The exhibition consists of a collection of textiles-based artworks reflecting the heritage of the Scottish Borders, particularly the Scottish Borders Archives (1), along with the preliminary drawings and collages. As the textile industry in Britain continues to decline, the associated communities, skills, tacit knowledge and traditions are in danger of becoming lost forever. Former textile mills are decommissioned and left to decay, the few remnants of a once proud industry are boxed in archives hidden away. By exploring through research, reassembling, and making, I have tried to bring this important part of our local heritage back into view and open to the interpretation of the observer.

The main aim of the research is to provide a visual commentary on a community bound together by a once thriving industry, exploring how the fabric of life is inextricably embedded within the indigenous textiles from a certain locale.

The process began with the mining of archival material such as photographs of the workers, visits from notable dignitaries, events, branding, advertising, hand written correspondence, sales ledgers, design books and colour cards.

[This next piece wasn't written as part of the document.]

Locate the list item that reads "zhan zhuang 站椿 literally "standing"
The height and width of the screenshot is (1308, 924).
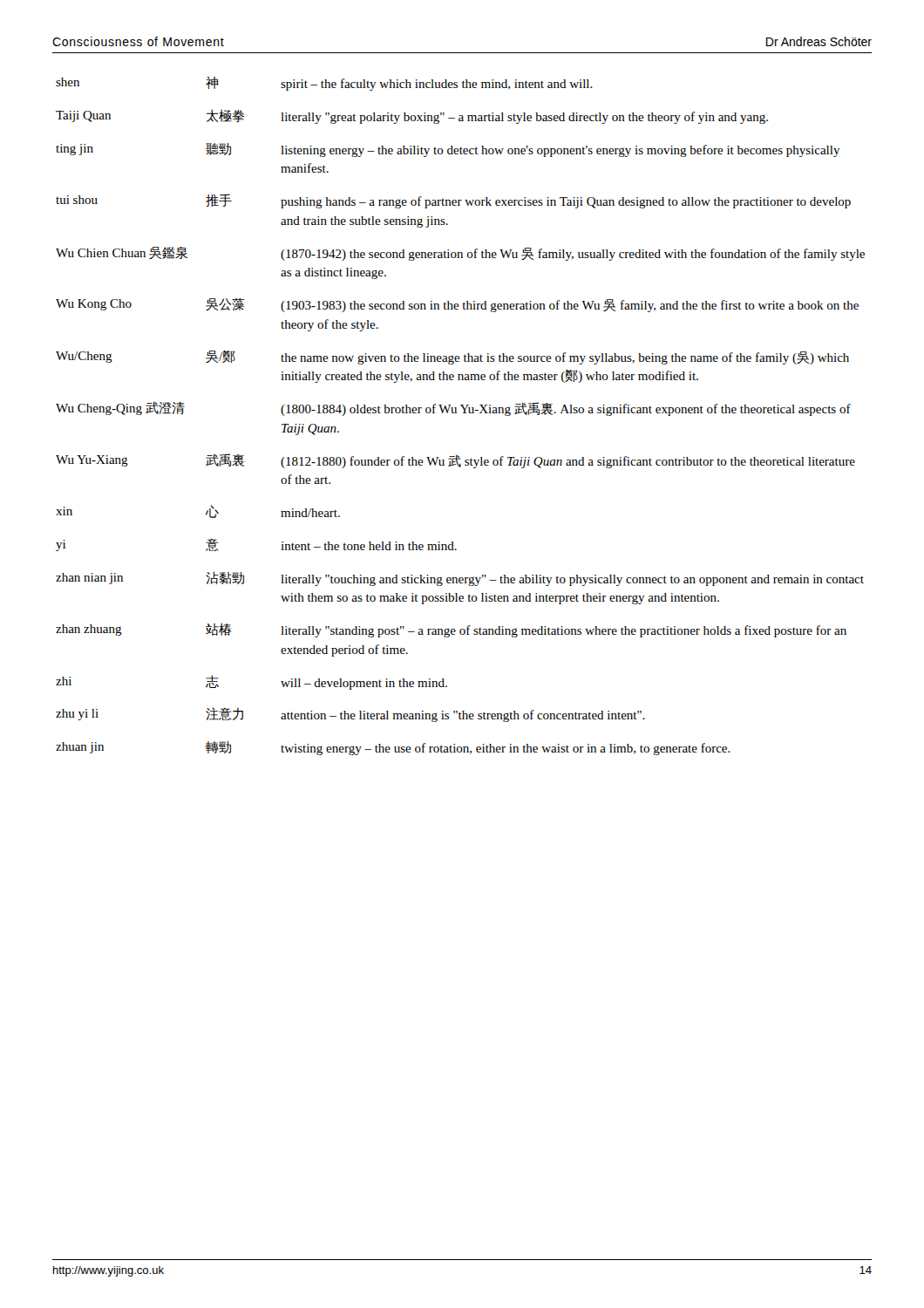[x=462, y=642]

The historical material from the archive is brought back to life and re-told through the displacement of visual elements taken out of their original context and re-represented through collage and subsequently digital print processes. The chosen substrates are fully fashioned seamed stockings, fragile and ephemeral that evoke and represent the pioneering technology used by the Hawick mills in the production of stockings and undergarments.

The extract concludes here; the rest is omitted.